TASK TO CARRY OUT: The answer must consist solely of the lines below starting at the one containing "Horizontal field of view: 60.0 degrees." and ending at the one containing "Reply in this", repeated exactly, with both ends included and all pictures omitted.

'''

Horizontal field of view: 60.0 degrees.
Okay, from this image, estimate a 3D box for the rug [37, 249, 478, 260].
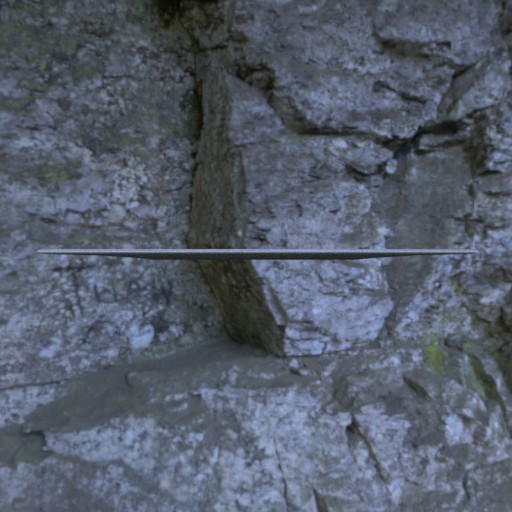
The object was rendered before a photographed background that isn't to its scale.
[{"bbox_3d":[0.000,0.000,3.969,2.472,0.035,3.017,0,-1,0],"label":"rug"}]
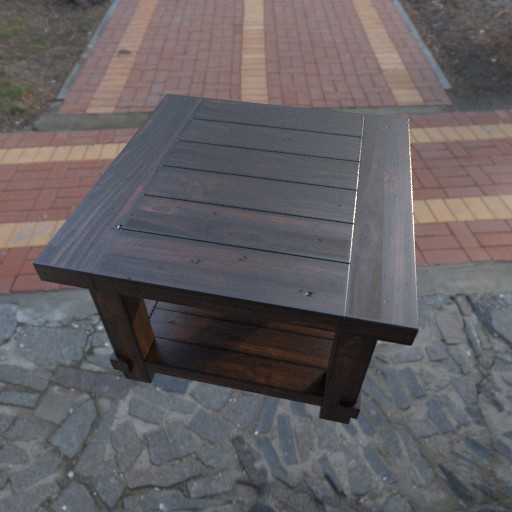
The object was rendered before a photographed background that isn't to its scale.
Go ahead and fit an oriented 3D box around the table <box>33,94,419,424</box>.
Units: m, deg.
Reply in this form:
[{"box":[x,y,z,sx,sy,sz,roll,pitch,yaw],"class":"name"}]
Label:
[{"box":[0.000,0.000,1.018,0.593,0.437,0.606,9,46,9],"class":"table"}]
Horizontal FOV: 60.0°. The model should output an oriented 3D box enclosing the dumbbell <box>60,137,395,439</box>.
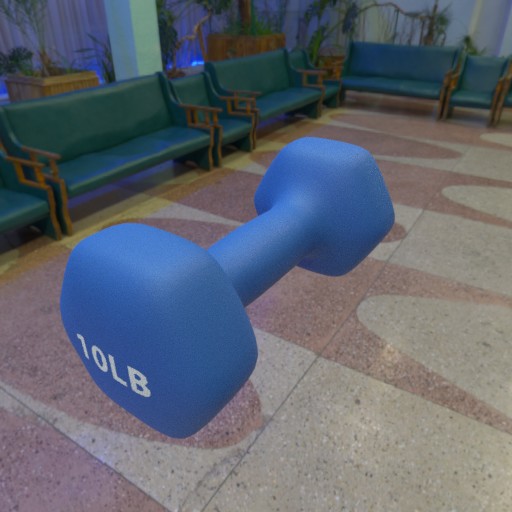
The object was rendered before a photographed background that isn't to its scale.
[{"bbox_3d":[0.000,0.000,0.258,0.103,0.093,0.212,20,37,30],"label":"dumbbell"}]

'''
'''

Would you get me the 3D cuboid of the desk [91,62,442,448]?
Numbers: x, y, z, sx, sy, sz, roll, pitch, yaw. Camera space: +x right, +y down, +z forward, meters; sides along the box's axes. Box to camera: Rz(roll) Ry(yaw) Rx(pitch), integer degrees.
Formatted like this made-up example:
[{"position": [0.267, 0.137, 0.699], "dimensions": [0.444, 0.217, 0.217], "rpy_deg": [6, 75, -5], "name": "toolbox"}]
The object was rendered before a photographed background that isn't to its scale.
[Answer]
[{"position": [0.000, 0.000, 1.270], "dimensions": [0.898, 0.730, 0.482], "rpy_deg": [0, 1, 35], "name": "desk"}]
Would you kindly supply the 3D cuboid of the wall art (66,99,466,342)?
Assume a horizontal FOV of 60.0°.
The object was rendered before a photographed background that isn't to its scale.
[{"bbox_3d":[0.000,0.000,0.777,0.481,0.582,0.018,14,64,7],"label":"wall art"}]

'''
'''

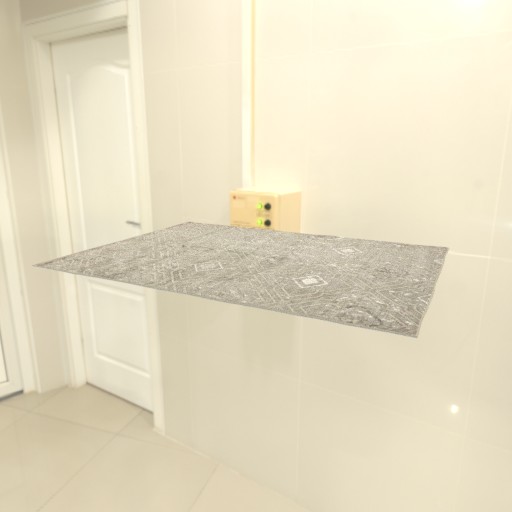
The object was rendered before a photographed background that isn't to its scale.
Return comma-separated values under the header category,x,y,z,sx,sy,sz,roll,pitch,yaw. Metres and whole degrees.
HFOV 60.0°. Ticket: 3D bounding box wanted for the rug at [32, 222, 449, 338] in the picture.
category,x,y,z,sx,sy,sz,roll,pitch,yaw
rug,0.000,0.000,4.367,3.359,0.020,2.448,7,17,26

'''

ANSWER AREA:
Horizontal field of view: 60.0 degrees.
Okay, from this image, estimate a 3D box for the rug [37, 249, 478, 260].
The object was rendered before a photographed background that isn't to its scale.
[{"bbox_3d":[0.000,0.000,3.969,2.472,0.035,3.017,0,-1,0],"label":"rug"}]
The object was rendered before a photographed background that isn't to its scale.
Go ahead and fit an oriented 3D box around the table <box>33,94,419,424</box>.
Units: m, deg.
Reply in this form:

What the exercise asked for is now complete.